**Required work**
Find the lines of the records in which the word "fill" appears and report how many there are, as a number alone.

====================

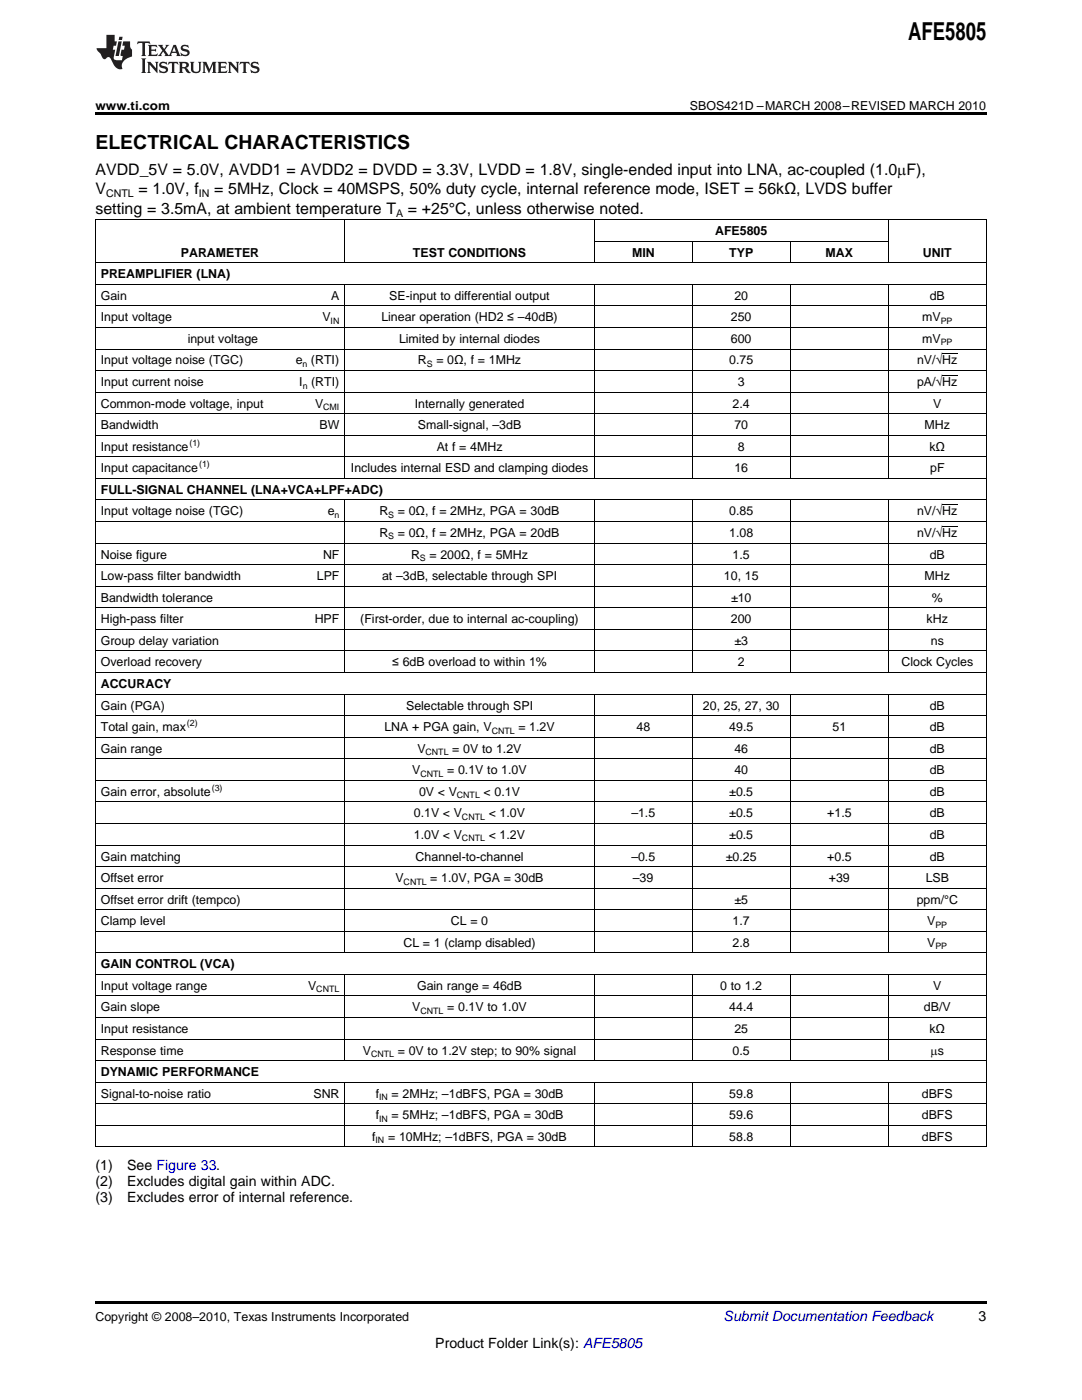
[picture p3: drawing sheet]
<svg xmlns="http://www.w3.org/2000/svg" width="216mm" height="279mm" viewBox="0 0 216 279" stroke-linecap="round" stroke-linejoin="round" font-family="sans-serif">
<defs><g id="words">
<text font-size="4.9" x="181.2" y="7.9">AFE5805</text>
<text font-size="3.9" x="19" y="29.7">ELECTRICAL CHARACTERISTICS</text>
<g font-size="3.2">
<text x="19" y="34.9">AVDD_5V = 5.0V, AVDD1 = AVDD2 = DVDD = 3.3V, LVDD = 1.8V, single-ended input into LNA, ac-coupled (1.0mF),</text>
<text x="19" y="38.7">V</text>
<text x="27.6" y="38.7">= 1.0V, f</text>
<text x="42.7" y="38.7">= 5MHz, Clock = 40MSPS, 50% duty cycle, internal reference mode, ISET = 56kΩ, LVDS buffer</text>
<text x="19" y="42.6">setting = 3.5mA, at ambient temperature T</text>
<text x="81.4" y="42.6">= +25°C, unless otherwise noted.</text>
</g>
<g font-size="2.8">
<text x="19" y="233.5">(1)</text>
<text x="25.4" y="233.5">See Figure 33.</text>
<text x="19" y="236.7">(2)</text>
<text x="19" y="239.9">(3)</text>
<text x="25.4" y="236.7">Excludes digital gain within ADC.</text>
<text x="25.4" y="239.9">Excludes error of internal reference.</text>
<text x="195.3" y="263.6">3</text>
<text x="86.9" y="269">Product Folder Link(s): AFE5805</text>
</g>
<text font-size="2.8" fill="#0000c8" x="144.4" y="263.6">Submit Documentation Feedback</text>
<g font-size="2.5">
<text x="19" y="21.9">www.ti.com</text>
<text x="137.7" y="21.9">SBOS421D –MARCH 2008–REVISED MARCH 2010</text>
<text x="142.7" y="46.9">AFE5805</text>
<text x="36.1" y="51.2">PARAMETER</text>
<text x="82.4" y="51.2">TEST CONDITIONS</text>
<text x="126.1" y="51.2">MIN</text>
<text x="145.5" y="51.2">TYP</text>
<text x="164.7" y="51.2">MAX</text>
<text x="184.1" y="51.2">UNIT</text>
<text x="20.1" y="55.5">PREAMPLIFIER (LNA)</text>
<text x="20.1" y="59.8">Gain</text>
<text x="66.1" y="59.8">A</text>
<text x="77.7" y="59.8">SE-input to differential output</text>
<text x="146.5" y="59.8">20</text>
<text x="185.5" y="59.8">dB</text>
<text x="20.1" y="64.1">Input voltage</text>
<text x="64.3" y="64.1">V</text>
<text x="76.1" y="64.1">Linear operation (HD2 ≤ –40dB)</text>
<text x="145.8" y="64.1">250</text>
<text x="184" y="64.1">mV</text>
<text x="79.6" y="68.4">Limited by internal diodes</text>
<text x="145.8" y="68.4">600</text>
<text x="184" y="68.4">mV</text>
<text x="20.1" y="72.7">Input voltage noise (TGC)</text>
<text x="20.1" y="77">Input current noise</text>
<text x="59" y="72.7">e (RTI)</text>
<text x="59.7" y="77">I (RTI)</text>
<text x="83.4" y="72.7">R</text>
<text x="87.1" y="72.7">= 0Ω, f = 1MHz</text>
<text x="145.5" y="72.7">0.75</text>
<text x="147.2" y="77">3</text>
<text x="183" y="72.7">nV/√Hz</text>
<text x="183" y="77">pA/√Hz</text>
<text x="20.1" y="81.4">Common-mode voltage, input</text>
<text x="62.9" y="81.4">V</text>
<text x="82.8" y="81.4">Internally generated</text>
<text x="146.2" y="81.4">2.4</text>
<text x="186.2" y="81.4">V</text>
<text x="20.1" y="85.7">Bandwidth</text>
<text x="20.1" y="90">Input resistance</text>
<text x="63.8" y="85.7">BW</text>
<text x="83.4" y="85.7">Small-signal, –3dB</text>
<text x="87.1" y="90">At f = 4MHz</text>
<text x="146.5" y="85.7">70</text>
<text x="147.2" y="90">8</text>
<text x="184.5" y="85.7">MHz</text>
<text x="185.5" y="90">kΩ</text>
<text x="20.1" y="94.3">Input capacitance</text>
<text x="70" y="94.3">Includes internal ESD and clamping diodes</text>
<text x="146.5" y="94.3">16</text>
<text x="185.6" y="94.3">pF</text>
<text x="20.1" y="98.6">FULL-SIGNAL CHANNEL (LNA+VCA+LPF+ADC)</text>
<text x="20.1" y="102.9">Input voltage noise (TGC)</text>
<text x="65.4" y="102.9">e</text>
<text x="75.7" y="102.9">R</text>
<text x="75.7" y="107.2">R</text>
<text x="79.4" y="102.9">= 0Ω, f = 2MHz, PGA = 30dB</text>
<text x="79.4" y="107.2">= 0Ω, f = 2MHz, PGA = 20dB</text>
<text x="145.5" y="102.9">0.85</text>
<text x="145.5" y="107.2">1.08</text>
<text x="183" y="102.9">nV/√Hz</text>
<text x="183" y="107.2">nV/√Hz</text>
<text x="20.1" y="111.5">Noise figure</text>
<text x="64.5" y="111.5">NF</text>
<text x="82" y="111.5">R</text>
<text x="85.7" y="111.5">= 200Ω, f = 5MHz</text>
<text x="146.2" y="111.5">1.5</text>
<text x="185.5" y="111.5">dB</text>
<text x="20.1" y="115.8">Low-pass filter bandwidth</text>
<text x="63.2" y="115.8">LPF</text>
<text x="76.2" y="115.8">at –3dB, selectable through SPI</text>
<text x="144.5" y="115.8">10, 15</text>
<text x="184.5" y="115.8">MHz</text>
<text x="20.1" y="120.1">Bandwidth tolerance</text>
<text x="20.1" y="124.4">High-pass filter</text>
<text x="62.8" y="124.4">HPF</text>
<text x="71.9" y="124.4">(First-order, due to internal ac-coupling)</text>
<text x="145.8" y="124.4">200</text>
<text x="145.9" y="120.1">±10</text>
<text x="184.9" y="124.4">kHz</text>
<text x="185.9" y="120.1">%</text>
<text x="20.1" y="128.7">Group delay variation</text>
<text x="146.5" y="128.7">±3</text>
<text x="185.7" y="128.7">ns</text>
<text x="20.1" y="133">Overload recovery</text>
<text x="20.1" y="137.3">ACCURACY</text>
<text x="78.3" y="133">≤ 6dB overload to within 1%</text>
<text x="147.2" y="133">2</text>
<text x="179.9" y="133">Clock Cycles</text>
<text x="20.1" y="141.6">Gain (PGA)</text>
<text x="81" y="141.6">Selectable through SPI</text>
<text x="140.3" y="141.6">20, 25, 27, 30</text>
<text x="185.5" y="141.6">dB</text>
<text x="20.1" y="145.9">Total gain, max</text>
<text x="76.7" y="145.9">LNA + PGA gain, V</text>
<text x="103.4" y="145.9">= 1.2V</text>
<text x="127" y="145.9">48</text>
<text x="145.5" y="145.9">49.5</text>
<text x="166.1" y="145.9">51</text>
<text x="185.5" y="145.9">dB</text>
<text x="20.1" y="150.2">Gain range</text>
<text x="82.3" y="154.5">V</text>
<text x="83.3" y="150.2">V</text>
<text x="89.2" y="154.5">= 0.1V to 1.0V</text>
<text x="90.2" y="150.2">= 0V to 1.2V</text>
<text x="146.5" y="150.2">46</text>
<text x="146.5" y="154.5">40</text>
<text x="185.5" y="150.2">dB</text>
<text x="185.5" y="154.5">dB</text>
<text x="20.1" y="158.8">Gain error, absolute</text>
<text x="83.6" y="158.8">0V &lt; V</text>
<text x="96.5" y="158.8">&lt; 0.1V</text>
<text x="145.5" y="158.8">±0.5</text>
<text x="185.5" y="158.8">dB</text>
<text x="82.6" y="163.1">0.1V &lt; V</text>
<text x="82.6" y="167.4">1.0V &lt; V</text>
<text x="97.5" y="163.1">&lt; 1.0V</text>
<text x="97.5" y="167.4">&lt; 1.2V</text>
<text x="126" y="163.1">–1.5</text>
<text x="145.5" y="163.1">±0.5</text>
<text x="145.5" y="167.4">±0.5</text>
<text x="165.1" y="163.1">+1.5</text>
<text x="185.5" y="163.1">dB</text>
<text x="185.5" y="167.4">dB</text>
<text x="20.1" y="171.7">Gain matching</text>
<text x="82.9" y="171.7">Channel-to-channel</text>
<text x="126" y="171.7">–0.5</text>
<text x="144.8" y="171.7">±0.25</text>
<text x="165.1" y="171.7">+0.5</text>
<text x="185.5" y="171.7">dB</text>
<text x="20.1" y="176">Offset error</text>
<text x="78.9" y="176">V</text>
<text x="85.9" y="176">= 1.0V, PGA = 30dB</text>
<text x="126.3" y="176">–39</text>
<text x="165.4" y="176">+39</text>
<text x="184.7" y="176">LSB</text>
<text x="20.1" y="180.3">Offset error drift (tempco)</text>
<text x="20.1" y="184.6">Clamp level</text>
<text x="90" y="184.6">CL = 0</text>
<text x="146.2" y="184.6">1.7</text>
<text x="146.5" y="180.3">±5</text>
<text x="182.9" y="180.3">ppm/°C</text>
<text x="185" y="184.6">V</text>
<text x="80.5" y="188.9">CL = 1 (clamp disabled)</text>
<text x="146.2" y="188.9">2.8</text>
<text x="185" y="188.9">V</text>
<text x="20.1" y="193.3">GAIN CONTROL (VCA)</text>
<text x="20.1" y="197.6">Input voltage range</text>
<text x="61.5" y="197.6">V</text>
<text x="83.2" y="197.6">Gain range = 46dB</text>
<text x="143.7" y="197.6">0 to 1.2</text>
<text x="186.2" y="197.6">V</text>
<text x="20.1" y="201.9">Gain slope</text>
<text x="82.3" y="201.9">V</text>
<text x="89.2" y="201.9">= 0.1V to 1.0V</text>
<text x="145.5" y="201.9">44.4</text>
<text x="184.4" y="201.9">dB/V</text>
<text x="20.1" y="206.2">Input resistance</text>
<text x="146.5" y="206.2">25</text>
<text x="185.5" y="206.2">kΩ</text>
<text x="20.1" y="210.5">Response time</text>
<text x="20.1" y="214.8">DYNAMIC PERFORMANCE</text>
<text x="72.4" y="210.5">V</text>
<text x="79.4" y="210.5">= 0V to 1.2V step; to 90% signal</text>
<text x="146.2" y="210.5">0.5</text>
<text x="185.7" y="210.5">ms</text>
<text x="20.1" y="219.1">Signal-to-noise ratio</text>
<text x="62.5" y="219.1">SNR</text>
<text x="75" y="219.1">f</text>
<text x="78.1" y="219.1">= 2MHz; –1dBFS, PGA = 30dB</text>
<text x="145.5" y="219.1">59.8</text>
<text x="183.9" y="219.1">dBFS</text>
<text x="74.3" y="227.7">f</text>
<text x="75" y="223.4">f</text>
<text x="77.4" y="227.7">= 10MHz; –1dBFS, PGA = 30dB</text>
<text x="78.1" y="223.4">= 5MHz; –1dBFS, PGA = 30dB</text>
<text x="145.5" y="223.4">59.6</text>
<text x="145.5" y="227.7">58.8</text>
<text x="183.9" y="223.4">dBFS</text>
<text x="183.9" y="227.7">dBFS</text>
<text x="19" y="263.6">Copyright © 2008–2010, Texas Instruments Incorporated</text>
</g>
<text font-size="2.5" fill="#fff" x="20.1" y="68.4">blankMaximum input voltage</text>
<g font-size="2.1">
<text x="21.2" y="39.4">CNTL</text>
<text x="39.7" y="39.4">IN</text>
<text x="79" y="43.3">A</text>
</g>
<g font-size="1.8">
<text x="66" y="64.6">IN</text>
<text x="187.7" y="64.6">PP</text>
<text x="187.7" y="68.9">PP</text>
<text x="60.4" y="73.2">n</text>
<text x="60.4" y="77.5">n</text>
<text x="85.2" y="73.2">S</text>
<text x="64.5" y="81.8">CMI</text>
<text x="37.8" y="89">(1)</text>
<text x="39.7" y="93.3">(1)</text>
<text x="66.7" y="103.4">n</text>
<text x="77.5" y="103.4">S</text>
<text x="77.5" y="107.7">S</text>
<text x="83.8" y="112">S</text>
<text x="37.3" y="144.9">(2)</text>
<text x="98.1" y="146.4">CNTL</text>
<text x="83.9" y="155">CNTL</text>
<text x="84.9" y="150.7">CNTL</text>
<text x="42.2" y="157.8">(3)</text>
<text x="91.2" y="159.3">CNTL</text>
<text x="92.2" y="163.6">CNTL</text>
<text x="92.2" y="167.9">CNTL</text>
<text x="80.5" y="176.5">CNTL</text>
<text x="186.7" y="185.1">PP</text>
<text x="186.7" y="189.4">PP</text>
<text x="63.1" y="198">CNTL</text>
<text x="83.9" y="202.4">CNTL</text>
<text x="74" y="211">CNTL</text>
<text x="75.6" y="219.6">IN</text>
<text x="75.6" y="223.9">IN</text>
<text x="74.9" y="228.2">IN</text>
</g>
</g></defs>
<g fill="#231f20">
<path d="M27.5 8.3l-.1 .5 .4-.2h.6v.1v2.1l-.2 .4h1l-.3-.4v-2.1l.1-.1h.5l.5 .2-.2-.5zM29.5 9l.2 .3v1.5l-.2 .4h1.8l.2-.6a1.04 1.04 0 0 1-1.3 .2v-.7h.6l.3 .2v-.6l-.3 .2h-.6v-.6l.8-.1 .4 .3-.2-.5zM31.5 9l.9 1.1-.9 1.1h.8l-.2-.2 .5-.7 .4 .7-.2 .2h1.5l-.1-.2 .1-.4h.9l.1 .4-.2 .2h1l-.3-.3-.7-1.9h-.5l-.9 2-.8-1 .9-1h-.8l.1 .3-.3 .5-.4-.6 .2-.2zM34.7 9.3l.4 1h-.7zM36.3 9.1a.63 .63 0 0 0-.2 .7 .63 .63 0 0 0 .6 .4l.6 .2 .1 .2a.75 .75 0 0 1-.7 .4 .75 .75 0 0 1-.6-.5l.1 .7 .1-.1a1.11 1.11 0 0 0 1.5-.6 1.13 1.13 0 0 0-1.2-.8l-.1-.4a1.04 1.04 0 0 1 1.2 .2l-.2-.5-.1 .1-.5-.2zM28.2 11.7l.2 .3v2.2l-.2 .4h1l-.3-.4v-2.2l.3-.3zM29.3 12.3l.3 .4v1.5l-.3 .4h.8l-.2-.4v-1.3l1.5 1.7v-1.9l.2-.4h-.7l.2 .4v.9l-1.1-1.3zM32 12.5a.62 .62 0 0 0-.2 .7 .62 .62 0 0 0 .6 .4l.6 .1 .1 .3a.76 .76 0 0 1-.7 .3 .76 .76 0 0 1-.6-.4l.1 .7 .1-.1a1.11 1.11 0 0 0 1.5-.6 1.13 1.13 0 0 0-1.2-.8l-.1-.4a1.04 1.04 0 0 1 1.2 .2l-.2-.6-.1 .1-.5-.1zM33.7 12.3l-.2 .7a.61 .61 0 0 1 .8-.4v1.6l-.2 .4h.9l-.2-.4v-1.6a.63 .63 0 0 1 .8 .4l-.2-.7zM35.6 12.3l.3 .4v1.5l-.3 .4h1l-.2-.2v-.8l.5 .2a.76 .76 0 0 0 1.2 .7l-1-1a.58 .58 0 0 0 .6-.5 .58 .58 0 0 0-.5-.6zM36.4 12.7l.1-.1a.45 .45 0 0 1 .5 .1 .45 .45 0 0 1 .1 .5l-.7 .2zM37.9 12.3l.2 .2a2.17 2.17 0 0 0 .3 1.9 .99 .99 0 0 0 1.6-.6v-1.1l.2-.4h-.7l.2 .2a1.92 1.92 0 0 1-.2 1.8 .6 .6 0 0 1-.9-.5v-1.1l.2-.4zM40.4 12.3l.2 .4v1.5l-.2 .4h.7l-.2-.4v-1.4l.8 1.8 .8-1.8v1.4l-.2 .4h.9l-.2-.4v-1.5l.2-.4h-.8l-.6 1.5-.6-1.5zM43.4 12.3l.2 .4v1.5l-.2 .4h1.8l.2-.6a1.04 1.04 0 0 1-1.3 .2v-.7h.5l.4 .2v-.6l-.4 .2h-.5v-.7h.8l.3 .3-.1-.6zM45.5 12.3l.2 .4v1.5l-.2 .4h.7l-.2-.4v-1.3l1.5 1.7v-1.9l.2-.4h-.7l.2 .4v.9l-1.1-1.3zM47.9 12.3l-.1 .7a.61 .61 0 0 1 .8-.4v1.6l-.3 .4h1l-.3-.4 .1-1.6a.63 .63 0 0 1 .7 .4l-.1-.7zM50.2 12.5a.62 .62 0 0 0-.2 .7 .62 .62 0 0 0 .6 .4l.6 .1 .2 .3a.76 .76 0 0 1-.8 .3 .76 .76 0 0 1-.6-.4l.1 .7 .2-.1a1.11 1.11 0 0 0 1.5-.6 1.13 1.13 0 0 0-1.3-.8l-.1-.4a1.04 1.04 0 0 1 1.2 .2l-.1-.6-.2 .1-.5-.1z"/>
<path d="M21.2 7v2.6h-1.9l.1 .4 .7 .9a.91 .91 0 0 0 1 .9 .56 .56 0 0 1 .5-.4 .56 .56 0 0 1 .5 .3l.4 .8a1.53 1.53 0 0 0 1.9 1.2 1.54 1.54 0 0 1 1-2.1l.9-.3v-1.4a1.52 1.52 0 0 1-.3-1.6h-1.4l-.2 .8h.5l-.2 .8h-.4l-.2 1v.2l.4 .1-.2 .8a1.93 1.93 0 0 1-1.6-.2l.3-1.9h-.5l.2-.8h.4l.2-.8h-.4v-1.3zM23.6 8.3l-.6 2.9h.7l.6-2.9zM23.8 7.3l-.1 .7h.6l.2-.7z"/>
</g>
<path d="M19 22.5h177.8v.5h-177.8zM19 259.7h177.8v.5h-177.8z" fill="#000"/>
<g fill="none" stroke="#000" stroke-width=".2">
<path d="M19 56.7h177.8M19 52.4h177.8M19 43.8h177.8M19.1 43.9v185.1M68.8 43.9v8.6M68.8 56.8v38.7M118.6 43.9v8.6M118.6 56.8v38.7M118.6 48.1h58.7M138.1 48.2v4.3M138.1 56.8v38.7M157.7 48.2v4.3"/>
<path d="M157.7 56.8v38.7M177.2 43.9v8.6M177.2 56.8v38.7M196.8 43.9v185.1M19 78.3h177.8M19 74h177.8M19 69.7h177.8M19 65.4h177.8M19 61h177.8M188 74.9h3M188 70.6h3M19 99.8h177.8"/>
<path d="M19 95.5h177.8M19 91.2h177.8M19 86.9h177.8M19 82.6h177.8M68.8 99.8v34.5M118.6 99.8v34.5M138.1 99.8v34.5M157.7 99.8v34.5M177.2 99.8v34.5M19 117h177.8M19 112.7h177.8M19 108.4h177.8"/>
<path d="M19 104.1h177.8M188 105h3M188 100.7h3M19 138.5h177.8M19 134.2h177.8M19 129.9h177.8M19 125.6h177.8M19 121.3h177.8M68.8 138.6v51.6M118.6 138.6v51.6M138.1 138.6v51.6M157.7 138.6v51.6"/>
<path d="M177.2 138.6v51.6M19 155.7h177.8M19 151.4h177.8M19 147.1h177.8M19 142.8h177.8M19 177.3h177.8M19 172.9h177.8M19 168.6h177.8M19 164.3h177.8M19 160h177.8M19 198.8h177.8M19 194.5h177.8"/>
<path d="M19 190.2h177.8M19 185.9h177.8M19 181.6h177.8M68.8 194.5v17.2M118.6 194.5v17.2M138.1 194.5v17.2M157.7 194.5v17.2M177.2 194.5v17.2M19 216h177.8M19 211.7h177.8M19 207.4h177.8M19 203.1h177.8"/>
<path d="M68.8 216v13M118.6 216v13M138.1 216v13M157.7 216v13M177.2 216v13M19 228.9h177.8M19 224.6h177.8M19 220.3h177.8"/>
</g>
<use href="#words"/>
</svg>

====================

**Response box**
5